What’s the best breeding weight for beef heifers?
October 31, 2014
The traditional approach for heifer development has been to shoot for 65% of mature body weight at breeding time in order to maximize pregnancy rate. Is maximum pregnancy rate really the goal, or is a more profitable herd the goal?
Studies by Rick Funston of the University of Nebraska and others have investigated that question. Most results indicate that we can develop heifers to 51%-58% of mature body weight and achieve very acceptable pregnancy rates.
If your average cow weighs 1,390 lbs. (and many do), a heifer would need to weigh 904 lbs. at breeding in a traditional system, but only 709-806 lbs., according to the recent research. However, I’d caution readers that if the average weight of your heifers is 709 lbs. at breeding, many heifers could be below that 709-lb. threshold.
Having all heifers at or above the target of 709 lbs. is the goal. However, if your heifers traditionally weigh 900 lbs. or more at breeding, I would suggest developing heifers to about 800 lbs. before you go lower. If acceptable rates are achieved, then a further reduction would be warranted. Remember, the goal isn’t to get the most heifers pregnant, but to optimize profit.
Many areas of the country have abundant feed resources, so it’s easily possible to have heifers weighing 900 lbs. or more at 14-15 months of age. If a heifer weighs 500 lbs. at 200 days of age and the target is 800 lbs., we only need a gain of 300 lbs. in 235 days, or 1.3 lbs./day.
The gain from weaning to breeding doesn’t have to be steady. We background our potential replacement heifers for 30 days post-weaning and then graze them on cornstalk residue or stockpiled pasture for 60 days. We’ll supplement some protein if needed, but this low-quality forage, along with free-choice salt-mineral mix, is often all they need.
This is the key to cost-effective heifer development. We’ve found that most heifers do fine on this diet, while a few lose weight. If this latter group can’t thrive on low-quality forage as heifers, we’re concerned about their longevity as cows with months of low-quality forage to graze.

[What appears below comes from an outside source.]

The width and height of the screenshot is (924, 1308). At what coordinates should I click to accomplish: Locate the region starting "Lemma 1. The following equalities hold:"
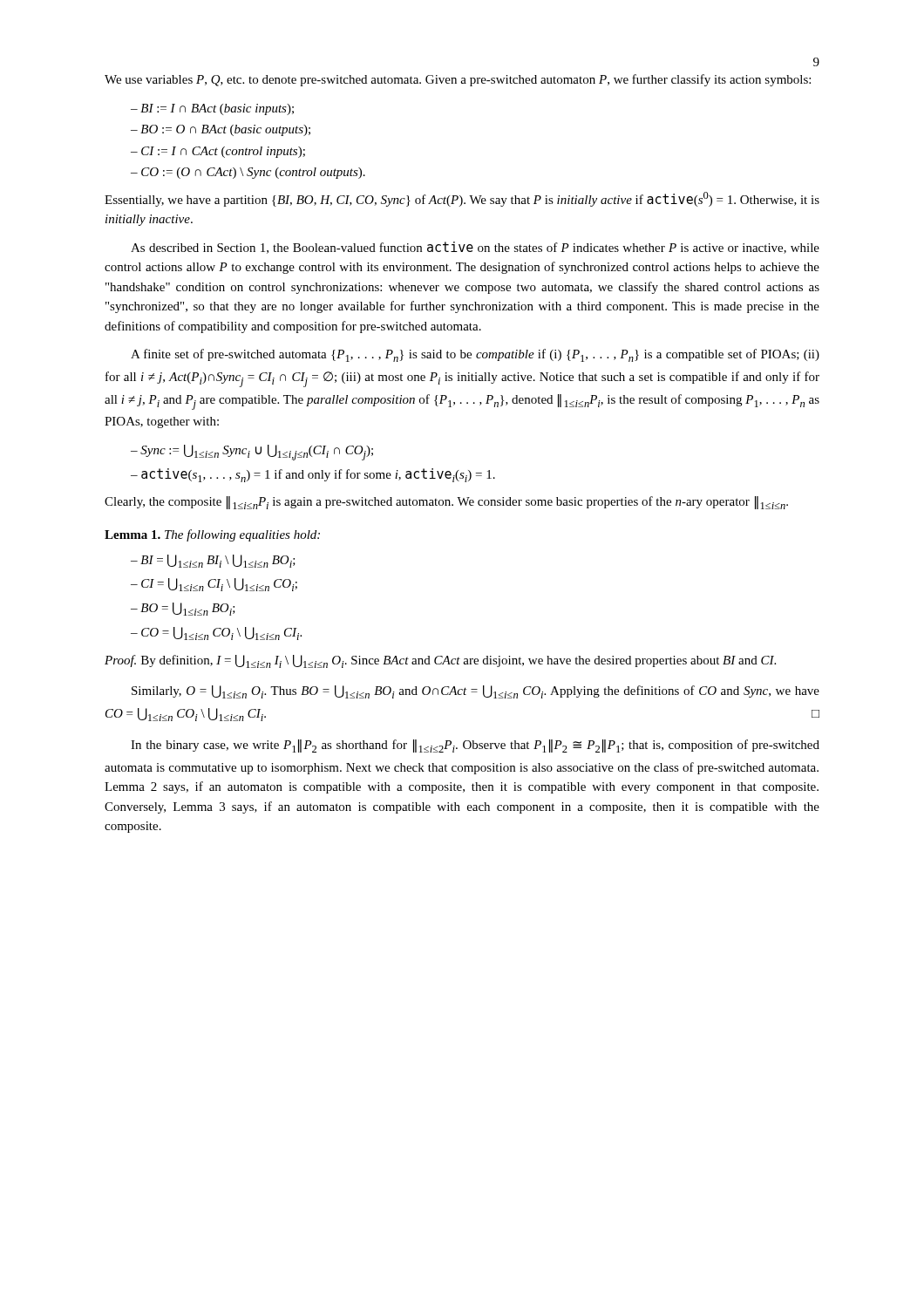click(x=213, y=535)

Other benefits to the lower breeding weight target for heifers are their improved efficiency during the winter feeding period, as well as increased gains in the subsequent grazing season. If our heifers now weigh 500-525 lbs. after 60 days of winter grazing, they must gain 275-300 lbs., or 1.6-1.7 lbs./day, which is easily achievable on a low-cost ration.
Other keys to successful heifer development with an acceptable pregnancy rate (80%-90%) are to keep back more heifers than needed to produce enough pregnant females, and to use a shortened breeding season (45 days) vs. the 65-day season for mature cows. I advocate a 45-day breeding season for heifers, because in a 65-day season with a traditionally developed heifer, a late-calving (after 45 days) heifer is much more likely to be open the following season.
One of the real keys to getting heifers bred is to have them gaining weight at time of breeding. Excellent studies from Purdue University and the University of Wyoming indicate poor conception rates when heifers are well-developed up until breeding and then turned out on grass, where they lose weight.
Pregnancy is a luxury to the cow’s system. If her nutrition is limiting, the cow shifts her priority to survival, at the expense of the fetus.
Develop a heifer that will be gaining weight as she goes to grass at or near breeding. A heifer developed to 51%-58% of her mature weight has a greater chance to gain weight on grass than a heifer at 65% of her mature weight.
Work with your nutritionist, Extension educator or veterinarian on improving your heifer development plan. These early-calving, lower-maintenance females are the ones you want to build your herd upon.
W. Mark Hilton, DVM, is a clinical professor of beef production medicine at Purdue University in West Lafayette, IN.